If we zoom in on the front page of the New York Times from Friday October 30, 1896, you can find the latest wagers on the upcoming election, “BETTING MORE LIVELY.; Col. Swords Placed $3,000 to $1,000 on McKinley.” In other words, good money had McKinley at 75% to win the upcoming election (as you no doubt know, he did win). We cannot speak to the saliency and numerosity of readers of the New York Times in 1896 about gambling odds, but we are confident that they would confuse most readers in 2020.
A lot happens in the next 124 years of election forecasting. Gambling evolved from wagers to set prices on the main financial exchanges, back to wagers, and then finally onto legal (and less legal) prediction market exchanges. We can embarrass ourselves by highlighting the work of one of the authors of this piece, David Rothschild, who spent a lot of time understanding how to convert prediction markets prices into clearly digestible probabilities. Here is a screenshot of his site, PredictWise, in 2016. You will notice that it peaked at 89% for Clinton on the night before the 2016: she lost. More importantly for this piece, PredictWise focused on tables and charts to highlight the probability of an event occurring. This is straightforward for someone who understands probabilities, but does not do much to convey the true value of 89% or 11%
In 2020 there are two main prediction teams fighting it out with their mixed models of fundamentals (i.e., models built on economics, incumbency, etc.) and polling data: Nate Silver, ABC pundit and the FiveThirtyEight publisher, released his forecast to great fanfare on August 14: it had Biden at 71% to win. Notice how Silver moved past gambling odds (3 to 1), past tables and charts (both on the site, but not the leading visualization), into probabilities designed to look like frequencies (where 100 dots equal 100 random draws of possible outcomes).

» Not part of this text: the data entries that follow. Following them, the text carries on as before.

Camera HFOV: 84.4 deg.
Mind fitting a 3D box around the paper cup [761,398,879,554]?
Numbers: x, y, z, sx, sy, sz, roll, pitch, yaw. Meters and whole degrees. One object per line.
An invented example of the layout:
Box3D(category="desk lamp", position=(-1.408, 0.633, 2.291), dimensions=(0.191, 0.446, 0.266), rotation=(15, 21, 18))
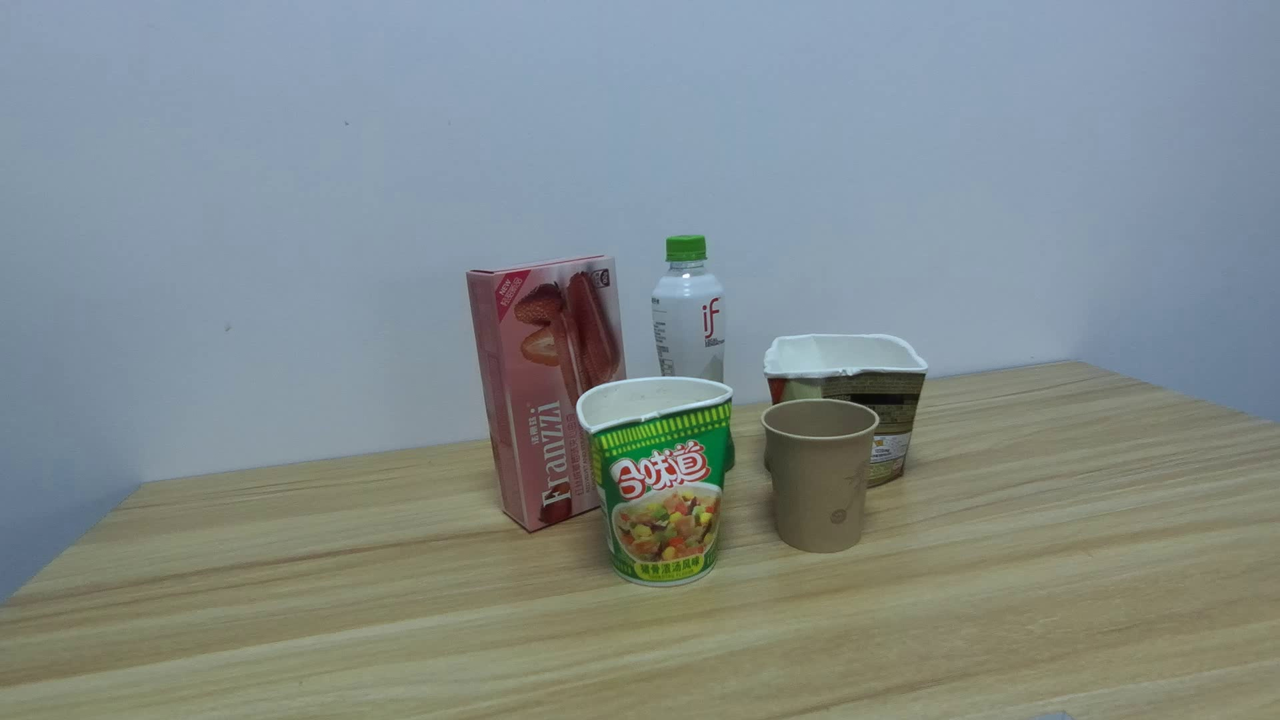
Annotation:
Box3D(category="paper cup", position=(0.115, 0.076, 0.457), dimensions=(0.075, 0.082, 0.075), rotation=(-4, 15, 1))

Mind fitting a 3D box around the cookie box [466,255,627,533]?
Box3D(category="cookie box", position=(-0.061, 0.021, 0.519), dimensions=(0.096, 0.184, 0.048), rotation=(-15, 17, -33))

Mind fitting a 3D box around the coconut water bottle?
Box3D(category="coconut water bottle", position=(0.042, -0.003, 0.567), dimensions=(0.063, 0.188, 0.063), rotation=(-4, 12, 1))

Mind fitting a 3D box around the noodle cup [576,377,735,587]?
Box3D(category="noodle cup", position=(0.014, 0.073, 0.444), dimensions=(0.094, 0.109, 0.087), rotation=(-5, 15, -1))

While there are not actually 100 versions of the world, Silver displays 100 versions to provide a salient illustration for the viewers.
Silver actually came from the world of understanding baseball, where, built on the ground-breaking work of Bill James, a lot of data makes it relatively easy to predict outcomes. You can see how these probabilities have been incorporated into baseball games, with this screenshot from ABC’s sister-station ESPN using probabilities that update all game long.
On the other hand, the Economist model, backed by Andrew Gelman and G. Elliot Morris, allows the user to toggle between the histogram and the frequency plot, which provides a similar graphical experience to Silver. Not fully germane to this piece, The Economist model is a more pure statistical model based on historical outcomes, while Silver added a lot of artificial noise in order to reach a lower starting probability for Biden. Gelman et al. 2020 provides a solid breakdown of the differences. Note on the day that the Silver model was launched at 71% for Biden, the Economist model was at 87%.
You will notice that PredictWise and David Rothschild are not really in this game any more. That 89% at the end for Clinton does not bother any of us that much: we don’t know the true underlying probability of Clinton winning the election under various circumstances. Besides, David can still brag about this prediction with Gelman that Trump would carry Florida by one, and his MSN and PredictWise polls that showed Trump carrying the upper-Midwest.
Instead, it is horse-race coverage in general that bother all of us.
Is horse-race coverage a substitute or complement to substantive news about politics and the election? It is possible that horse-race coverage may excite people about politics, driving them to learn more. But, more likely, with the very low amount of news that most Americans consume: it substitutes for more substantive news. Even worse, it is not like horse-race coverage is a harmless diversion, it may actually demotivate some voters, if the race is not expected to be close. So, what is next?
First, David and his colleagues (and co-authors of this piece) at MSR and PredictWise, now focus more on polling and passive data (like application or location data) as it helps stakeholders reallocate resources. While the occasional tweet will show where their polling data on horse-races are, especially if it is quite different from the general consensus (not too many other people saw Biden competing in Georgia, Ohio, Iowa, and Texas in July).
Second, we would rather use polling data for a much more important task: showing where there is a big disconnect between elites and the general public. From 2010 through 2016 that was trying to get anyone to understand how popular universal healthcare was. Now it is trying to get elites to understand how popular investment (and regulation) in green technology is.